§ **What you should do**
Could you write out every record below exactly, leaving out any pictures?

Exercise input Start Marker

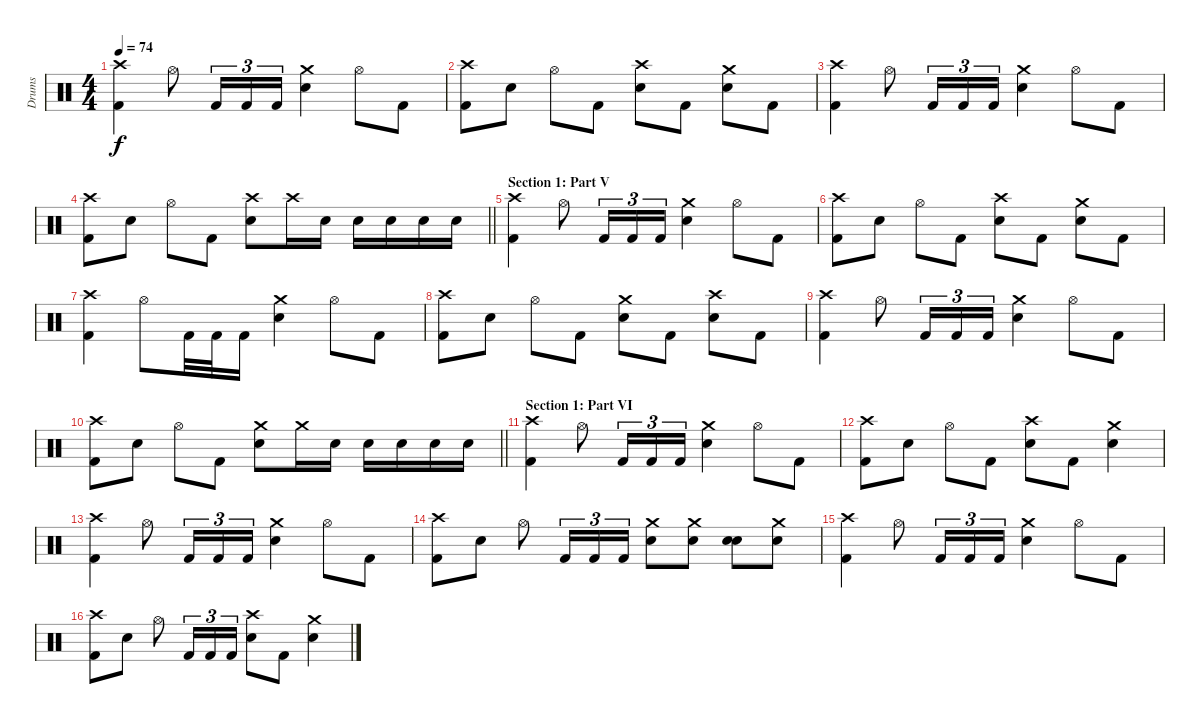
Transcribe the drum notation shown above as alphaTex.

\track ("Drums" "Drums") {instrument percussion}
\staff {score}
\articulation defaults
\ts (4 4)
\tempo 74
\clef neutral
\ks c
("Crash high (hit)" "Kick (hit) 2").4{dy f} "Hi-Hat (open)".8 "Kick (hit) 2".16{tu (3 2)} "Kick (hit) 2".16{tu (3 2)} "Kick (hit) 2".16{tu (3 2)} ("Crash medium (hit)" "Electric Snare (hit)").4 "Hi-Hat (open)".8 "Kick (hit) 2".8 |
("Crash high (hit)" "Kick (hit) 2").8 "Electric Snare (hit)".8 "Hi-Hat (open)".8 "Kick (hit) 2".8 ("Crash high (hit)" "Electric Snare (hit)").8 "Kick (hit) 2".8 ("Crash medium (hit)" "Electric Snare (hit)").8 "Kick (hit) 2".8 |
("Crash high (hit)" "Kick (hit) 2").4 "Hi-Hat (open)".8 "Kick (hit) 2".16{tu (3 2)} "Kick (hit) 2".16{tu (3 2)} "Kick (hit) 2".16{tu (3 2)} ("Crash medium (hit)" "Electric Snare (hit)").4 "Hi-Hat (open)".8 "Kick (hit) 2".8 |
\barLineRight lightlight
("Crash high (hit)" "Kick (hit) 2").8 "Electric Snare (hit)".8 "Hi-Hat (open)".8 "Kick (hit) 2".8 ("Crash high (hit)" "Electric Snare (hit)").8 "Crash high (hit)".16 "Electric Snare (hit)".16 "Electric Snare (hit)".16 "Electric Snare (hit)".16 "Electric Snare (hit)".16 "Electric Snare (hit)".16 |
\section ("" "Section 1: Part V")
("Crash high (hit)" "Kick (hit) 2").4 "Hi-Hat (open)".8 "Kick (hit) 2".16{tu (3 2)} "Kick (hit) 2".16{tu (3 2)} "Kick (hit) 2".16{tu (3 2)} ("Crash medium (hit)" "Electric Snare (hit)").4 "Hi-Hat (open)".8 "Kick (hit) 2".8 |
("Crash high (hit)" "Kick (hit) 2").8 "Electric Snare (hit)".8 "Hi-Hat (open)".8 "Kick (hit) 2".8 ("Crash high (hit)" "Electric Snare (hit)").8 "Kick (hit) 2".8 ("Crash medium (hit)" "Electric Snare (hit)").8 "Kick (hit) 2".8 |
("Crash high (hit)" "Kick (hit) 2").4 "Hi-Hat (open)".8 "Kick (hit) 2".32 "Kick (hit) 2".32 "Kick (hit) 2".16 ("Crash medium (hit)" "Electric Snare (hit)").4 "Hi-Hat (open)".8 "Kick (hit) 2".8 |
("Crash high (hit)" "Kick (hit) 2").8 "Electric Snare (hit)".8 "Hi-Hat (open)".8 "Kick (hit) 2".8 ("Crash medium (hit)" "Electric Snare (hit)").8 "Kick (hit) 2".8 ("Crash high (hit)" "Electric Snare (hit)").8 "Kick (hit) 2".8 |
("Crash high (hit)" "Kick (hit) 2").4 "Hi-Hat (open)".8 "Kick (hit) 2".16{tu (3 2)} "Kick (hit) 2".16{tu (3 2)} "Kick (hit) 2".16{tu (3 2)} ("Crash medium (hit)" "Electric Snare (hit)").4 "Hi-Hat (open)".8 "Kick (hit) 2".8 |
\barLineRight lightlight
("Crash high (hit)" "Kick (hit) 2").8 "Electric Snare (hit)".8 "Hi-Hat (open)".8 "Kick (hit) 2".8 ("Crash medium (hit)" "Electric Snare (hit)").8 "Crash medium (hit)".16 "Electric Snare (hit)".16 "Electric Snare (hit)".16 "Electric Snare (hit)".16 "Electric Snare (hit)".16 "Electric Snare (hit)".16 |
\section ("" "Section 1: Part VI")
("Crash high (hit)" "Kick (hit) 2").4 "Hi-Hat (open)".8 "Kick (hit) 2".16{tu (3 2)} "Kick (hit) 2".16{tu (3 2)} "Kick (hit) 2".16{tu (3 2)} ("Crash medium (hit)" "Electric Snare (hit)").4 "Hi-Hat (open)".8 "Kick (hit) 2".8 |
("Crash high (hit)" "Kick (hit) 2").8 "Electric Snare (hit)".8 "Hi-Hat (open)".8 "Kick (hit) 2".8 ("Crash high (hit)" "Electric Snare (hit)").8 "Kick (hit) 2".8 ("Crash medium (hit)" "Electric Snare (hit)").4 |
("Crash high (hit)" "Kick (hit) 2").4 "Hi-Hat (open)".8 "Kick (hit) 2".16{tu (3 2)} "Kick (hit) 2".16{tu (3 2)} "Kick (hit) 2".16{tu (3 2)} ("Crash medium (hit)" "Electric Snare (hit)").4 "Hi-Hat (open)".8 "Kick (hit) 2".8 |
("Crash high (hit)" "Kick (hit) 2").8 "Electric Snare (hit)".8 "Hi-Hat (open)".8 "Kick (hit) 2".16{tu (3 2)} "Kick (hit) 2".16{tu (3 2)} "Kick (hit) 2".16{tu (3 2)} ("Crash medium (hit)" "Electric Snare (hit)").8 ("Crash medium (hit)" "Electric Snare (hit)").8 ("Electric Snare (hit)" "Electric Snare (hit)").8{bu 60} ("Crash medium (hit)" "Electric Snare (hit)").8 |
("Crash high (hit)" "Kick (hit) 2").4 "Hi-Hat (open)".8 "Kick (hit) 2".16{tu (3 2)} "Kick (hit) 2".16{tu (3 2)} "Kick (hit) 2".16{tu (3 2)} ("Crash medium (hit)" "Electric Snare (hit)").4 "Hi-Hat (open)".8 "Kick (hit) 2".8 |
("Crash high (hit)" "Kick (hit) 2").8 "Electric Snare (hit)".8 "Hi-Hat (open)".8 "Kick (hit) 2".16{tu (3 2)} "Kick (hit) 2".16{tu (3 2)} "Kick (hit) 2".16{tu (3 2)} ("Crash high (hit)" "Electric Snare (hit)").8 "Kick (hit) 2".8 ("Crash medium (hit)" "Electric Snare (hit)").4

Exercise input End Marker

§ **Task answer**
Transcribe the drum notation shown above as alphaTex.

\track ("Drums" "Drums") {instrument percussion}
\staff {score}
\articulation defaults
\ts (4 4)
\tempo 74
\clef neutral
\ks c
("Crash high (hit)" "Kick (hit) 2").4{dy f} "Hi-Hat (open)".8 "Kick (hit) 2".16{tu (3 2)} "Kick (hit) 2".16{tu (3 2)} "Kick (hit) 2".16{tu (3 2)} ("Crash medium (hit)" "Electric Snare (hit)").4 "Hi-Hat (open)".8 "Kick (hit) 2".8 |
("Crash high (hit)" "Kick (hit) 2").8 "Electric Snare (hit)".8 "Hi-Hat (open)".8 "Kick (hit) 2".8 ("Crash high (hit)" "Electric Snare (hit)").8 "Kick (hit) 2".8 ("Crash medium (hit)" "Electric Snare (hit)").8 "Kick (hit) 2".8 |
("Crash high (hit)" "Kick (hit) 2").4 "Hi-Hat (open)".8 "Kick (hit) 2".16{tu (3 2)} "Kick (hit) 2".16{tu (3 2)} "Kick (hit) 2".16{tu (3 2)} ("Crash medium (hit)" "Electric Snare (hit)").4 "Hi-Hat (open)".8 "Kick (hit) 2".8 |
\barLineRight lightlight
("Crash high (hit)" "Kick (hit) 2").8 "Electric Snare (hit)".8 "Hi-Hat (open)".8 "Kick (hit) 2".8 ("Crash high (hit)" "Electric Snare (hit)").8 "Crash high (hit)".16 "Electric Snare (hit)".16 "Electric Snare (hit)".16 "Electric Snare (hit)".16 "Electric Snare (hit)".16 "Electric Snare (hit)".16 |
\section ("" "Section 1: Part V")
("Crash high (hit)" "Kick (hit) 2").4 "Hi-Hat (open)".8 "Kick (hit) 2".16{tu (3 2)} "Kick (hit) 2".16{tu (3 2)} "Kick (hit) 2".16{tu (3 2)} ("Crash medium (hit)" "Electric Snare (hit)").4 "Hi-Hat (open)".8 "Kick (hit) 2".8 |
("Crash high (hit)" "Kick (hit) 2").8 "Electric Snare (hit)".8 "Hi-Hat (open)".8 "Kick (hit) 2".8 ("Crash high (hit)" "Electric Snare (hit)").8 "Kick (hit) 2".8 ("Crash medium (hit)" "Electric Snare (hit)").8 "Kick (hit) 2".8 |
("Crash high (hit)" "Kick (hit) 2").4 "Hi-Hat (open)".8 "Kick (hit) 2".32 "Kick (hit) 2".32 "Kick (hit) 2".16 ("Crash medium (hit)" "Electric Snare (hit)").4 "Hi-Hat (open)".8 "Kick (hit) 2".8 |
("Crash high (hit)" "Kick (hit) 2").8 "Electric Snare (hit)".8 "Hi-Hat (open)".8 "Kick (hit) 2".8 ("Crash medium (hit)" "Electric Snare (hit)").8 "Kick (hit) 2".8 ("Crash high (hit)" "Electric Snare (hit)").8 "Kick (hit) 2".8 |
("Crash high (hit)" "Kick (hit) 2").4 "Hi-Hat (open)".8 "Kick (hit) 2".16{tu (3 2)} "Kick (hit) 2".16{tu (3 2)} "Kick (hit) 2".16{tu (3 2)} ("Crash medium (hit)" "Electric Snare (hit)").4 "Hi-Hat (open)".8 "Kick (hit) 2".8 |
\barLineRight lightlight
("Crash high (hit)" "Kick (hit) 2").8 "Electric Snare (hit)".8 "Hi-Hat (open)".8 "Kick (hit) 2".8 ("Crash medium (hit)" "Electric Snare (hit)").8 "Crash medium (hit)".16 "Electric Snare (hit)".16 "Electric Snare (hit)".16 "Electric Snare (hit)".16 "Electric Snare (hit)".16 "Electric Snare (hit)".16 |
\section ("" "Section 1: Part VI")
("Crash high (hit)" "Kick (hit) 2").4 "Hi-Hat (open)".8 "Kick (hit) 2".16{tu (3 2)} "Kick (hit) 2".16{tu (3 2)} "Kick (hit) 2".16{tu (3 2)} ("Crash medium (hit)" "Electric Snare (hit)").4 "Hi-Hat (open)".8 "Kick (hit) 2".8 |
("Crash high (hit)" "Kick (hit) 2").8 "Electric Snare (hit)".8 "Hi-Hat (open)".8 "Kick (hit) 2".8 ("Crash high (hit)" "Electric Snare (hit)").8 "Kick (hit) 2".8 ("Crash medium (hit)" "Electric Snare (hit)").4 |
("Crash high (hit)" "Kick (hit) 2").4 "Hi-Hat (open)".8 "Kick (hit) 2".16{tu (3 2)} "Kick (hit) 2".16{tu (3 2)} "Kick (hit) 2".16{tu (3 2)} ("Crash medium (hit)" "Electric Snare (hit)").4 "Hi-Hat (open)".8 "Kick (hit) 2".8 |
("Crash high (hit)" "Kick (hit) 2").8 "Electric Snare (hit)".8 "Hi-Hat (open)".8 "Kick (hit) 2".16{tu (3 2)} "Kick (hit) 2".16{tu (3 2)} "Kick (hit) 2".16{tu (3 2)} ("Crash medium (hit)" "Electric Snare (hit)").8 ("Crash medium (hit)" "Electric Snare (hit)").8 ("Electric Snare (hit)" "Electric Snare (hit)").8{bu 60} ("Crash medium (hit)" "Electric Snare (hit)").8 |
("Crash high (hit)" "Kick (hit) 2").4 "Hi-Hat (open)".8 "Kick (hit) 2".16{tu (3 2)} "Kick (hit) 2".16{tu (3 2)} "Kick (hit) 2".16{tu (3 2)} ("Crash medium (hit)" "Electric Snare (hit)").4 "Hi-Hat (open)".8 "Kick (hit) 2".8 |
("Crash high (hit)" "Kick (hit) 2").8 "Electric Snare (hit)".8 "Hi-Hat (open)".8 "Kick (hit) 2".16{tu (3 2)} "Kick (hit) 2".16{tu (3 2)} "Kick (hit) 2".16{tu (3 2)} ("Crash high (hit)" "Electric Snare (hit)").8 "Kick (hit) 2".8 ("Crash medium (hit)" "Electric Snare (hit)").4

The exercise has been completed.